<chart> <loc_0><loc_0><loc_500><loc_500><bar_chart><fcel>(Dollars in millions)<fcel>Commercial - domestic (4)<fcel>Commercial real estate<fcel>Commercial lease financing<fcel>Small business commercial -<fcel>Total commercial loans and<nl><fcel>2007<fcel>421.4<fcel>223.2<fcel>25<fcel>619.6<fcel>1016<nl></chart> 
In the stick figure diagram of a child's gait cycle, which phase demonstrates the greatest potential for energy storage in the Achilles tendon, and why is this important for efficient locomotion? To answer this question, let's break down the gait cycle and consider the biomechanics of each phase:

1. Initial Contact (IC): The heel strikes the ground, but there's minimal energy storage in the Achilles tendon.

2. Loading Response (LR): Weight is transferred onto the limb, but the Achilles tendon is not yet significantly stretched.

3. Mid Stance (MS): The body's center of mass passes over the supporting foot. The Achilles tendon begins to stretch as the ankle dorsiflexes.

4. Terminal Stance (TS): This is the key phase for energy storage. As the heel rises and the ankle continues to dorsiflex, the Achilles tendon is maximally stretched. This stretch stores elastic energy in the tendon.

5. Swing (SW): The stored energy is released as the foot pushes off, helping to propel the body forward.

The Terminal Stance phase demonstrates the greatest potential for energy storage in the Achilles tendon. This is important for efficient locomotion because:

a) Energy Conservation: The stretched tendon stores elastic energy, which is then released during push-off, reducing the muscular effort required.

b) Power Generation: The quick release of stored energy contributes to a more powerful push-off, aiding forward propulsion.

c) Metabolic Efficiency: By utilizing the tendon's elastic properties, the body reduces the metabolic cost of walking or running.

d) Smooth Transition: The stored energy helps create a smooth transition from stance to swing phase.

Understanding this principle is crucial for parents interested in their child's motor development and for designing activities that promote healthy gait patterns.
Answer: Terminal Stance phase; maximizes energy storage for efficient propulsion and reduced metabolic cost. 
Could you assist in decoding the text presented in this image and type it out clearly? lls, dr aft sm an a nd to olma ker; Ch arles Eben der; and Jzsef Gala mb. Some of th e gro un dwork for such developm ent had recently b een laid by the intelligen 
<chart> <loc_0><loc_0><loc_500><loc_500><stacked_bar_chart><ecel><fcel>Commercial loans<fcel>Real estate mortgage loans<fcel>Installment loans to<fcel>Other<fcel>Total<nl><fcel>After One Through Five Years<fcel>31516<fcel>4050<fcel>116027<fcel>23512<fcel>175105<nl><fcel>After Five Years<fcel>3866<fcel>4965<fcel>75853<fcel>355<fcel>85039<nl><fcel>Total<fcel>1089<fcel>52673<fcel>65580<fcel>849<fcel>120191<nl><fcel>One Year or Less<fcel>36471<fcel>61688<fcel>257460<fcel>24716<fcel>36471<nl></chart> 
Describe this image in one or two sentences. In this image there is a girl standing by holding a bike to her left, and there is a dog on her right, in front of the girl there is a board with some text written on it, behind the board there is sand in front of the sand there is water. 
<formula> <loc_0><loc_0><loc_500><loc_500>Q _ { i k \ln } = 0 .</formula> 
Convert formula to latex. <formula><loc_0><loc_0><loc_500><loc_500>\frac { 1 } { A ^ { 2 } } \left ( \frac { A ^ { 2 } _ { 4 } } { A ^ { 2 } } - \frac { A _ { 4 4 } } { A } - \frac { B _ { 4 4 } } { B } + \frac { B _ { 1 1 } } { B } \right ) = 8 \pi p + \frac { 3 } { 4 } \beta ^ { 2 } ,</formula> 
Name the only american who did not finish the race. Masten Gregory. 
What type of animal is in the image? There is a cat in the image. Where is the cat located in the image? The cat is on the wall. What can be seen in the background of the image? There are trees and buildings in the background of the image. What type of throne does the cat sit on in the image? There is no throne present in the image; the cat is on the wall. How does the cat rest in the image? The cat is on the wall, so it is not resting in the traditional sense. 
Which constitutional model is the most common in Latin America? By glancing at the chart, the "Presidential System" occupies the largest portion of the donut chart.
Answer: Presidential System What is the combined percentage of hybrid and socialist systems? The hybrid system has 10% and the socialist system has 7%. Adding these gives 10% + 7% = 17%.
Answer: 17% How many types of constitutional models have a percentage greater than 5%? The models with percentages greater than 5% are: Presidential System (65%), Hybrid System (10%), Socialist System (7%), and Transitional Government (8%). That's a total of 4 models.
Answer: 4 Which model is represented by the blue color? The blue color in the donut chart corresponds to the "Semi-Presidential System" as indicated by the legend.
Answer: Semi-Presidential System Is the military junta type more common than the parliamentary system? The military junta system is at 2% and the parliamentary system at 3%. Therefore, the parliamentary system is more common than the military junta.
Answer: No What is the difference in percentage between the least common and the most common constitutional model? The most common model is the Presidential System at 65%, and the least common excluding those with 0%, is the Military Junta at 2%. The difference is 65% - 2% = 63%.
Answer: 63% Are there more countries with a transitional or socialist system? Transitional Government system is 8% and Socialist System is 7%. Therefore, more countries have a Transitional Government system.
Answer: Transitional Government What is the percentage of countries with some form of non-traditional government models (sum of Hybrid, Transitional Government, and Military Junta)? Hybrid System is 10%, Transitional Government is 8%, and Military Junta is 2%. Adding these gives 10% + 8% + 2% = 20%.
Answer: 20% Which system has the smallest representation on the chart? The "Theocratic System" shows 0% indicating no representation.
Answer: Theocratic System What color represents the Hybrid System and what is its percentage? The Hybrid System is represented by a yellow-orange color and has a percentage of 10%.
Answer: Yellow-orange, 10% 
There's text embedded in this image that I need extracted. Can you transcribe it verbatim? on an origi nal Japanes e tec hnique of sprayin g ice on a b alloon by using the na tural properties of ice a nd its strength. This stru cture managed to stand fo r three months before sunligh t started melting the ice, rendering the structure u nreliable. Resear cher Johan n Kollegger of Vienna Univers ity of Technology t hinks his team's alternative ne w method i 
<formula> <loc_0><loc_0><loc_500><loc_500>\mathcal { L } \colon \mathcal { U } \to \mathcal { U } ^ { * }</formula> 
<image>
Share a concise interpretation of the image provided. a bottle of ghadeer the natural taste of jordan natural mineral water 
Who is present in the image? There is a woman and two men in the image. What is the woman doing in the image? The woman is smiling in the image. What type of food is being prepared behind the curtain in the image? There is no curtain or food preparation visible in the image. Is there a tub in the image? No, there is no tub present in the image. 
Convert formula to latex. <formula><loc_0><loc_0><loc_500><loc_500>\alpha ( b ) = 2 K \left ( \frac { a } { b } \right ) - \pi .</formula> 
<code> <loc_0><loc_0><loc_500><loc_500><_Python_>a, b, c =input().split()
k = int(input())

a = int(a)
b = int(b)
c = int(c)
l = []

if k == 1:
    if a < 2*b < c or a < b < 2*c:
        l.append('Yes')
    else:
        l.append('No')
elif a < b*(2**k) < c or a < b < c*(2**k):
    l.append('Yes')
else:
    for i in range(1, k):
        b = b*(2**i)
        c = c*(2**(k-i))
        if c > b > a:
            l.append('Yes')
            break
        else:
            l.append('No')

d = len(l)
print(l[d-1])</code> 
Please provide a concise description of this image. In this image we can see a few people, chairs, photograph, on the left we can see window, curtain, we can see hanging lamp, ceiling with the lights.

-- Aim of the task --
In the preceding records, how many lines include the word "represented"? Reply with the number only.

-- Solution for this task --
2